2.1. Theoretical framework

When information about risk of a stock is being obtained by investors, the efficient market hypothesis suggests that this information should be absorbed by the price of the stock (Fama, 1970). This means that when relevant information becomes available this should directly be reflected by the price. High competition among investors eliminates the positive Net Present Value of an asset caused by the information. For investors it becomes impossible to

structurally outperform the market if markets are efficient. Consecutive stock price changes are independent and identically distributed random variables and therefore make a random walk and are unpredictable. The random walk of stock prices is linked to the efficient market hypothesis (Fama, 1965).
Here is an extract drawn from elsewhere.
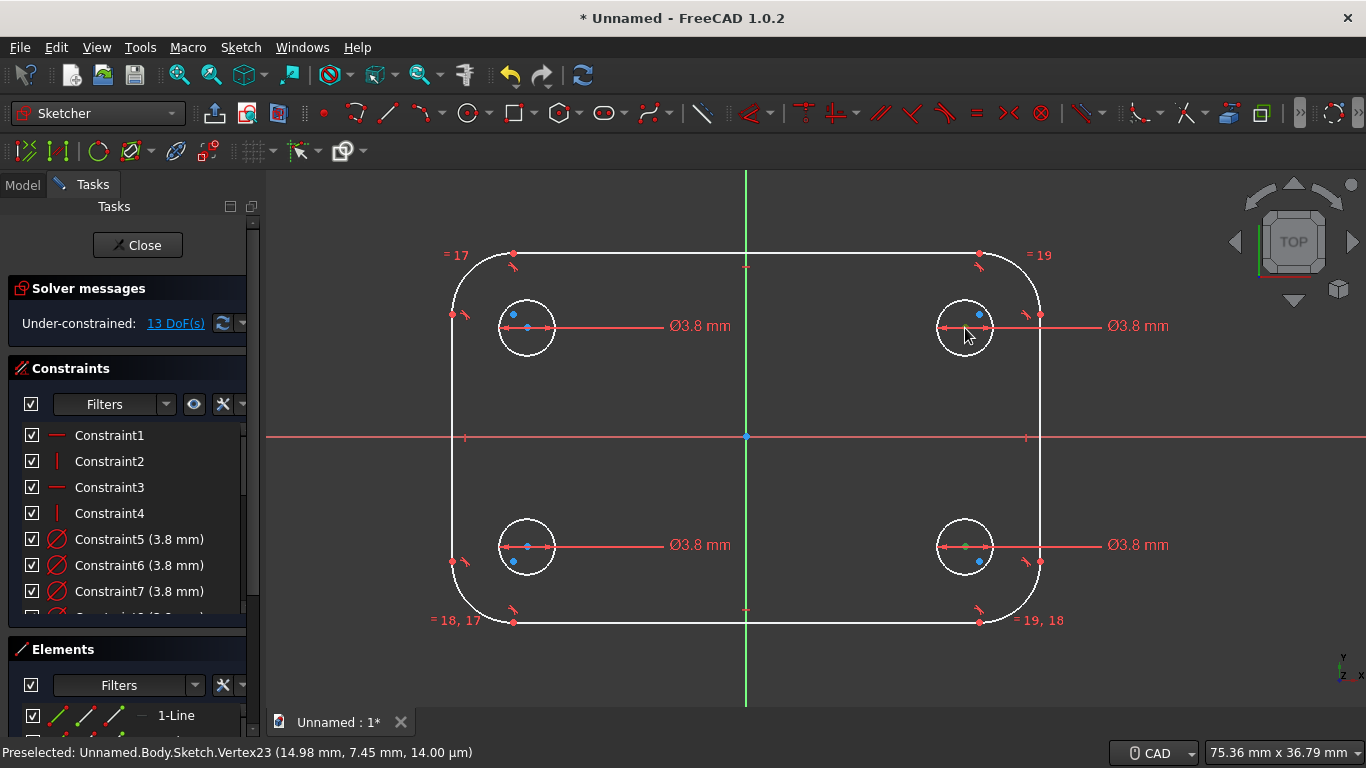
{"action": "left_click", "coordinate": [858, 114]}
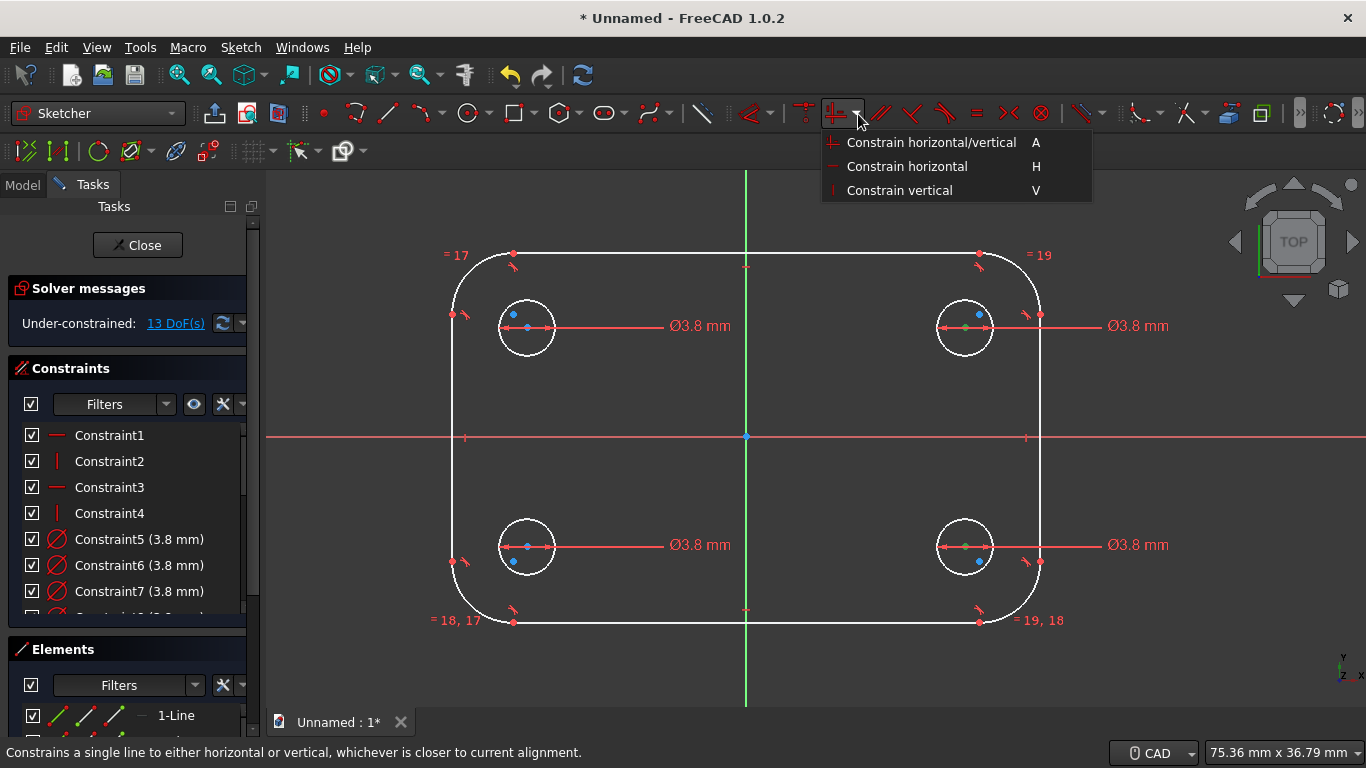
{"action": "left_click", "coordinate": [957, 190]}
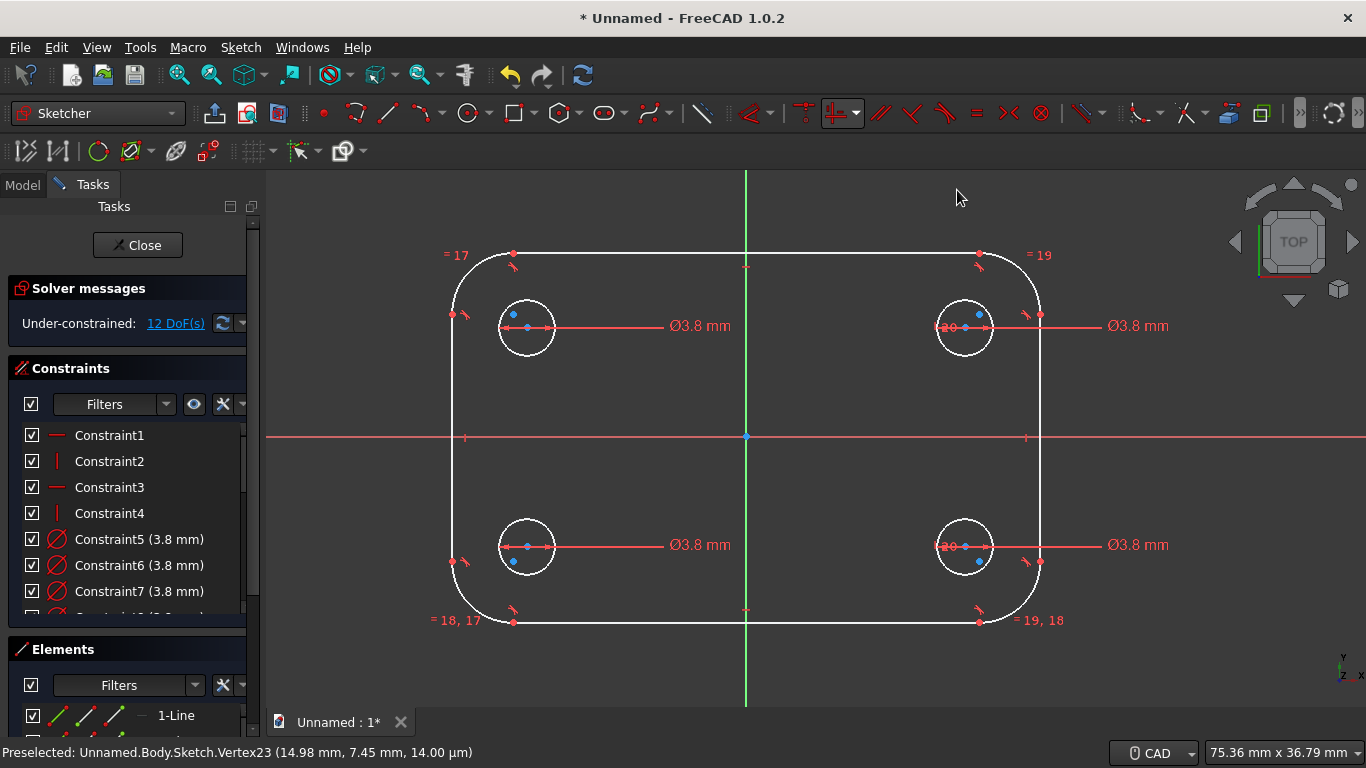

If stock prices were predictable this would prove not all information available is reflected by the price which would mean the market is inefficient and would therefore be inconsistent with the efficient market hypothesis. The efficient market hypothesis is contradictory with the theory of calendar anomalies. Calendar anomalies show a pattern in stock returns at a particular time of the year. One of the calendar anomalies is the month effect. The month effect shows higher average returns at the turn-of-the-month compared to the remaining days of the turn-of-the-month.

2.2. Evidence for the turn-of-the-month effect

Ariel (1987) discovered a monthly pattern in stock returns for the US from 1963 to 1981 and described it as the monthly effect. He shows the mean cumulative return on the last trading day of the month to the first nine trading days of the following month is 1.411% against -0.021% for the remaining days of the month. Ariel (1987) proves that the monthly effect is independent and not an explanation from other calendar anomalies.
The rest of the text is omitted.